* _TASK OBJECTIVE_
The response must consist of the lines below from the one with "12. car [1035, 855, 1081, 889]" through the one with "13. motorcycle [824, 867, 901, 931]", exactly as they appear and with both ends kept.

==== THE DATA

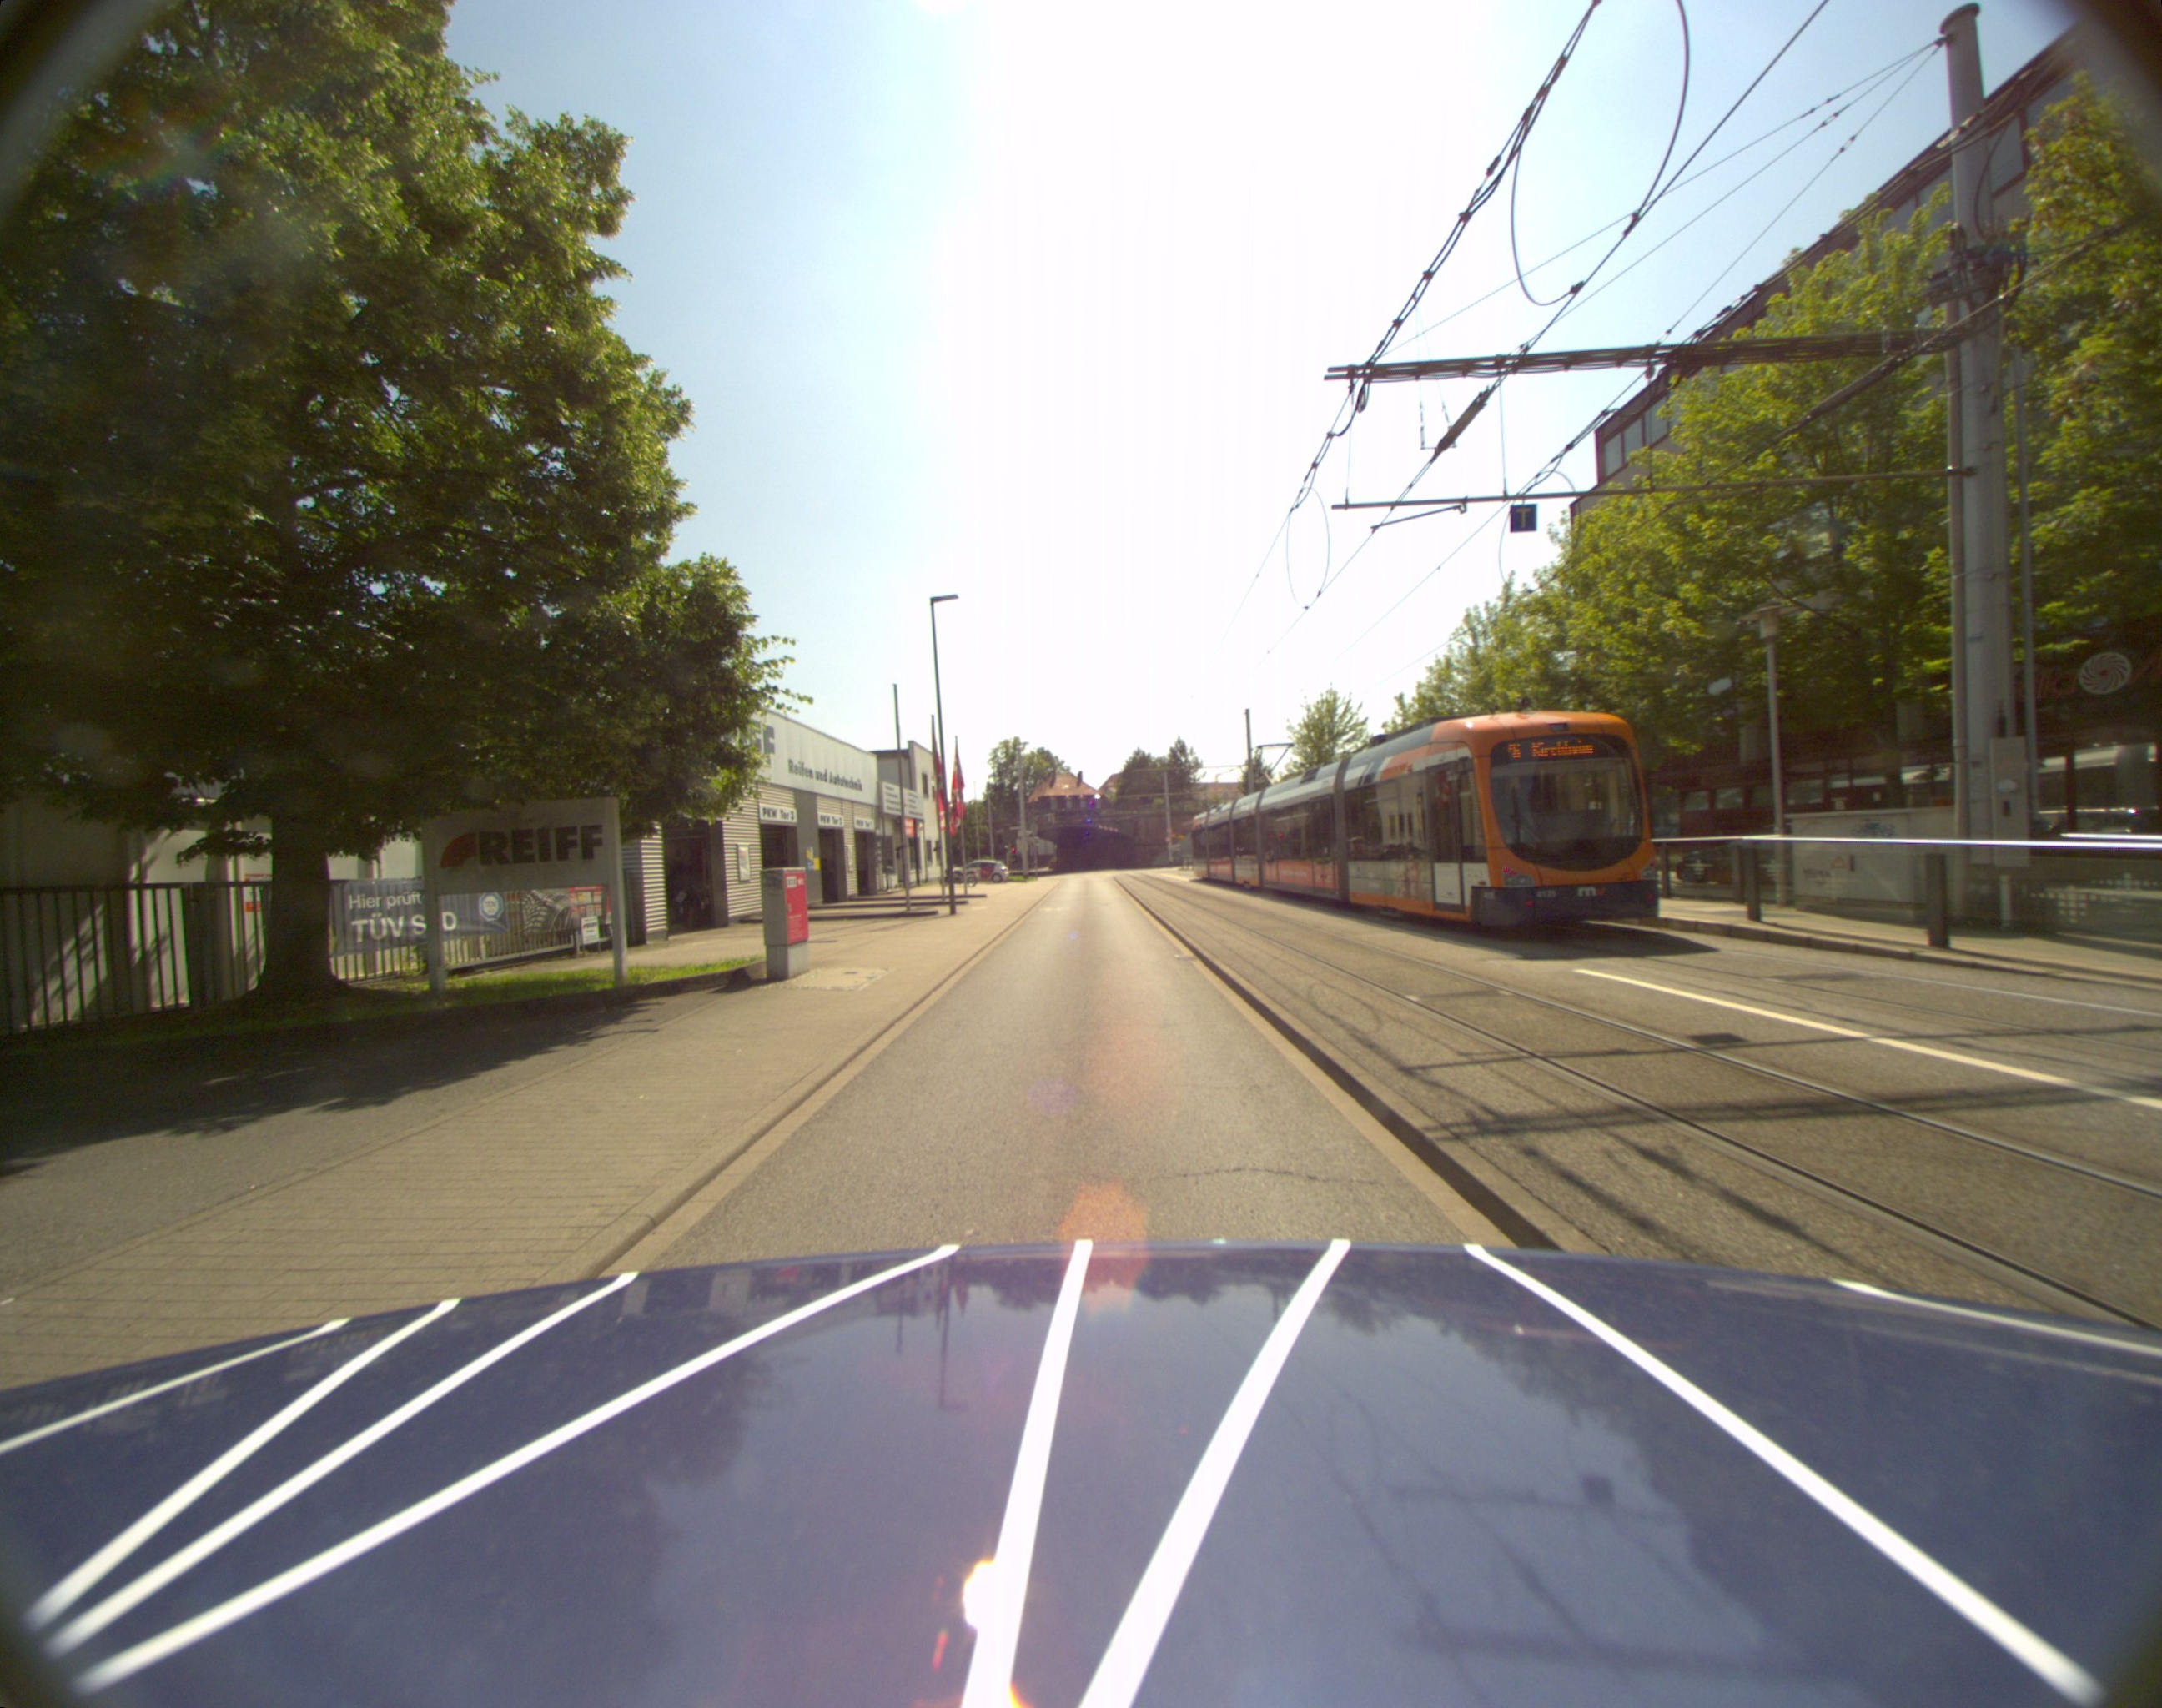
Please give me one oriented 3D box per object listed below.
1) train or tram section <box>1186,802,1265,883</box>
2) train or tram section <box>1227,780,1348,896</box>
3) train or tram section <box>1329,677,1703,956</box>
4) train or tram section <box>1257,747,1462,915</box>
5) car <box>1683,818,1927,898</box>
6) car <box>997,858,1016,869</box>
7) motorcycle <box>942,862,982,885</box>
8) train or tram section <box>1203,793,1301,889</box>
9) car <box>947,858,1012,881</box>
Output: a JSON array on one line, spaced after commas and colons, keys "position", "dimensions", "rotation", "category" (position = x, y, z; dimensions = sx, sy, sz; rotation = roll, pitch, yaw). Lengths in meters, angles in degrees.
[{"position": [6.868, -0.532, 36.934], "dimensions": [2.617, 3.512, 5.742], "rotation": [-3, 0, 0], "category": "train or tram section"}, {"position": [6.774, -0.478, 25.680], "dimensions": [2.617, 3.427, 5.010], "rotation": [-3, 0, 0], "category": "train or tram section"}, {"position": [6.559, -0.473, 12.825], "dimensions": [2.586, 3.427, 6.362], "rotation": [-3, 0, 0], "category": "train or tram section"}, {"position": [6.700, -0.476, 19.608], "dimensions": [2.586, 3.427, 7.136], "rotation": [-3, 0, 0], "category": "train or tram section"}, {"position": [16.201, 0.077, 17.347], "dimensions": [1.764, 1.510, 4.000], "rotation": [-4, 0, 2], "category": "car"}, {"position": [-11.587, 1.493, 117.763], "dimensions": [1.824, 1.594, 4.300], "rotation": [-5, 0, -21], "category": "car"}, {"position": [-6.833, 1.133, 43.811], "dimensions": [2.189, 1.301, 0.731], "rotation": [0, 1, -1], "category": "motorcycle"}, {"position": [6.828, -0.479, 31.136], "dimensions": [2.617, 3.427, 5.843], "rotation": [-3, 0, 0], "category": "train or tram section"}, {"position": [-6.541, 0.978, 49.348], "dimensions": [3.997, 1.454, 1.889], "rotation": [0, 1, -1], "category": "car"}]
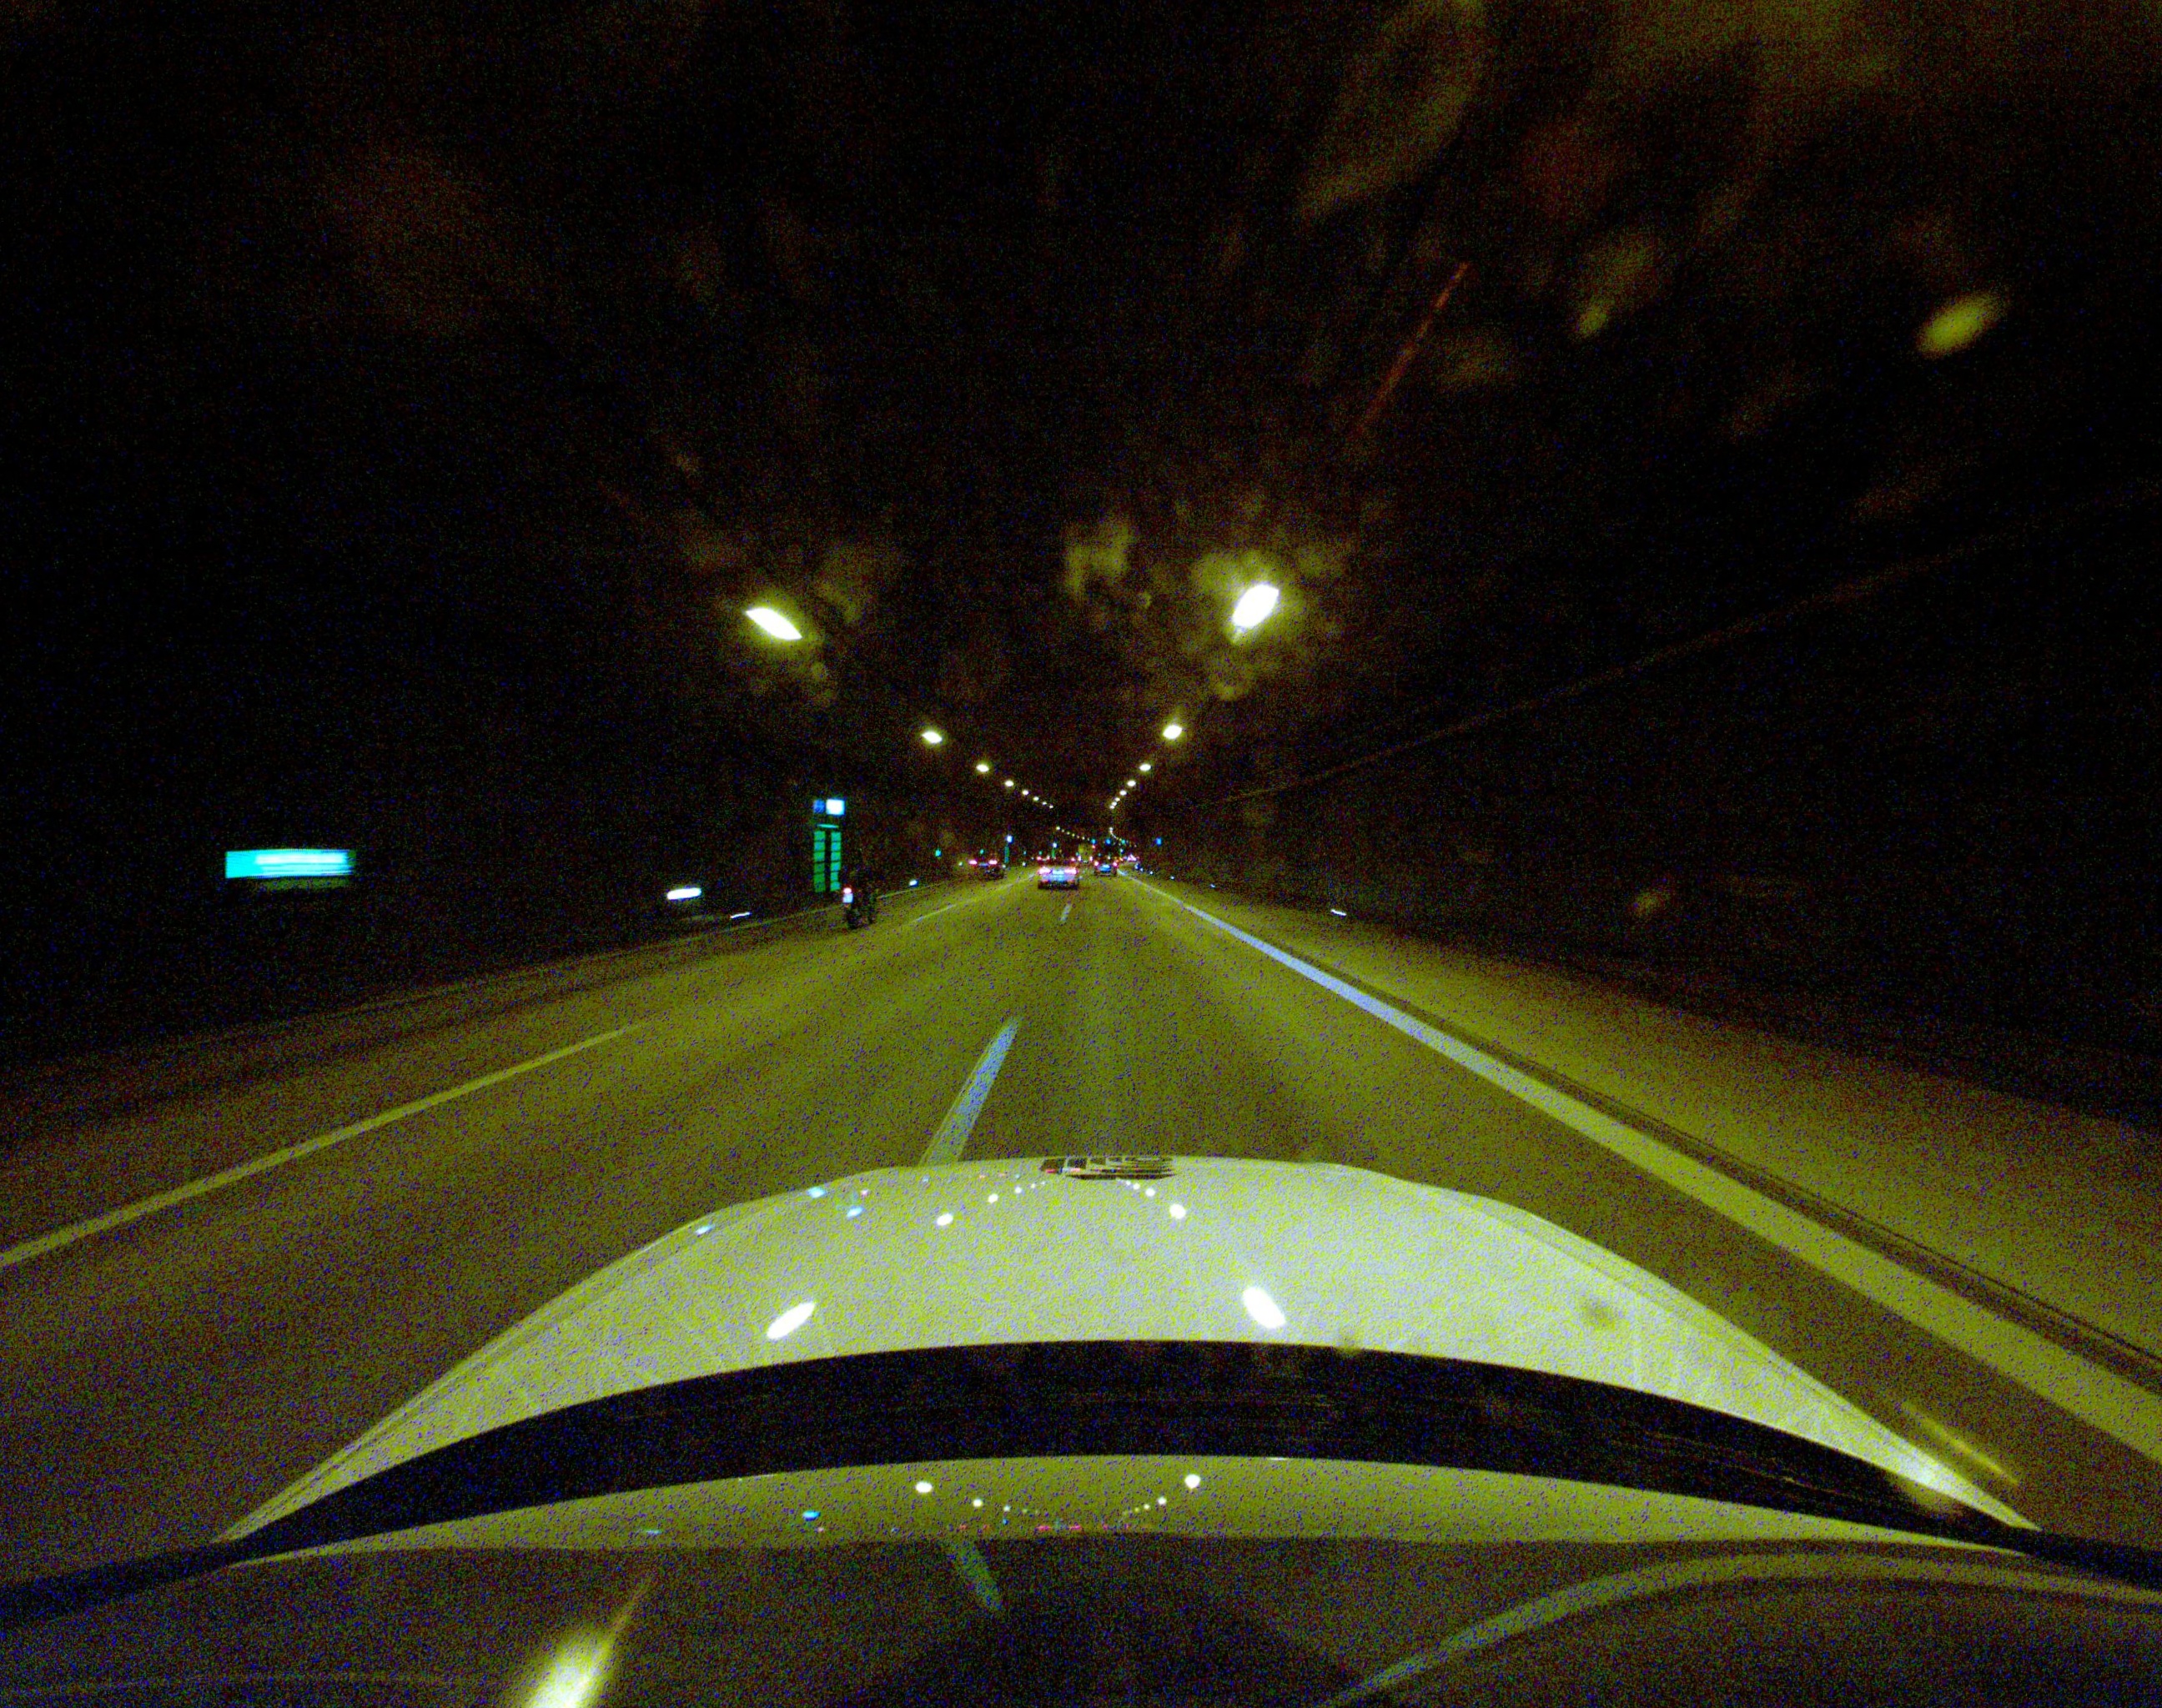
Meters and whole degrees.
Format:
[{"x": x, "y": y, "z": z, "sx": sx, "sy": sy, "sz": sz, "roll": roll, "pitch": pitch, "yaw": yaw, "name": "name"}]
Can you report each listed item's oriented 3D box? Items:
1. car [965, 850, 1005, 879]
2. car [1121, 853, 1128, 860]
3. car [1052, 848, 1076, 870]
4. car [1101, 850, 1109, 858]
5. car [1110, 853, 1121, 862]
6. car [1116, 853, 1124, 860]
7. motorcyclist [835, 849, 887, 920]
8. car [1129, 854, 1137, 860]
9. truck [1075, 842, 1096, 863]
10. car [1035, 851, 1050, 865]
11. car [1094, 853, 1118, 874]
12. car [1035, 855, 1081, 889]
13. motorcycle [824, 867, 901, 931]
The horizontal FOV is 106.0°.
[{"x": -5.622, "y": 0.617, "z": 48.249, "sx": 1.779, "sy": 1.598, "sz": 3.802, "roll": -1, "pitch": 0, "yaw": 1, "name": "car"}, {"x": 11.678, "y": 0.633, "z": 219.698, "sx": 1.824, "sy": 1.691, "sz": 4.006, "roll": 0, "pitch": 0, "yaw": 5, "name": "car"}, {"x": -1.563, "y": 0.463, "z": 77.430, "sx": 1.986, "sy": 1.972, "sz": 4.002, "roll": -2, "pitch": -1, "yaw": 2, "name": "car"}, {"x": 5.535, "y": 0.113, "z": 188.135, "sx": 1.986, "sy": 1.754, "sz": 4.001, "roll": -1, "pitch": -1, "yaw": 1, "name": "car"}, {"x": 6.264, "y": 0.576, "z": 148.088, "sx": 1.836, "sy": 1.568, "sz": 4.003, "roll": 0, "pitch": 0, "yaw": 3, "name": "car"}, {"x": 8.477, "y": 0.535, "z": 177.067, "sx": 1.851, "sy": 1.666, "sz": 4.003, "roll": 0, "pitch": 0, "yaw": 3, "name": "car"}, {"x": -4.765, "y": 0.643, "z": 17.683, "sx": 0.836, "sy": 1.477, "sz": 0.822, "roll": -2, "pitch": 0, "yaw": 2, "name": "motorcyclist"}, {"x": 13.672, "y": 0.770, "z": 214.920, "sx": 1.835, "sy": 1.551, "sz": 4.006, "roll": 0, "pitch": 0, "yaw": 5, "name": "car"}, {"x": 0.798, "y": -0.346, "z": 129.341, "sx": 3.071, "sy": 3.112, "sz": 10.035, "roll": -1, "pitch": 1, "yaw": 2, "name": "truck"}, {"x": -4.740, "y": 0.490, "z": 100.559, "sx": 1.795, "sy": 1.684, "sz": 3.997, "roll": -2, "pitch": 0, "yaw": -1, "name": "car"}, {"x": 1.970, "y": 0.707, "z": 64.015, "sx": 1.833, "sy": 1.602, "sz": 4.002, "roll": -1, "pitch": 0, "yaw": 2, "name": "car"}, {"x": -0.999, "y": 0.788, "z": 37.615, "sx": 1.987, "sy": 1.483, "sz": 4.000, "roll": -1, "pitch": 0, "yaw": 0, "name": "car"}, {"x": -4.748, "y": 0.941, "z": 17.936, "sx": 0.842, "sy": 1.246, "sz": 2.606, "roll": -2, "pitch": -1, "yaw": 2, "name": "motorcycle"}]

========

* _WRITTEN REPLY_
12. car [1035, 855, 1081, 889]
13. motorcycle [824, 867, 901, 931]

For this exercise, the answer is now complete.